The third Kelly issue is related: How to demonstrate that a previously accepted technique is no longer accepted. There is little case law on this. Azcona seemed to present a particularly powerful argument for rejecting long-accepted firearms-markings analysis, but for two justices, this wasn't enough to disqualify the technique because there were no figures showing "a clear majority" of the community agreed the technique had been discredited. (The court did reverse in part because the opinions were not justified by the technique in question.)

Where technology moves rapidly, the scientific community (however defined) may simply move on to the newer product. No one may bother to expressly disapprove of some older product certified in a court of appeal opinion from a few years ago, which treated technology two to three years older than that. The previously accepted technique, now perhaps outdated, may survive; an accidental relic.

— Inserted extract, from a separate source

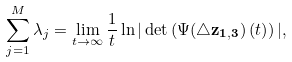Convert formula to latex. <formula><loc_0><loc_0><loc_500><loc_500>\sum _ { j = 1 } ^ { M } \lambda _ { j } = \lim _ { t \to \infty } \frac { 1 } { t } \ln | \det \left ( \Psi ( \triangle \mathbf { z _ { 1 , 3 } } ) \left ( t \right ) \right ) | ,</formula>

On the other hand, a shift away from the old product might be enough to signal the end of the scientific community's approval.

We don't really know how to measure disapproval of an old technique.

A small group of states continue to use the Kelly test. The advent of AI and its ability to digest and find patterns in vast amounts of data may produce expert opinions that challenge Kelly's application. Or perhaps Kelly, with its focus on technologies which are both obscure and omniscient, will find new life addressing AIs. Either way, Kelly may see much-needed attention.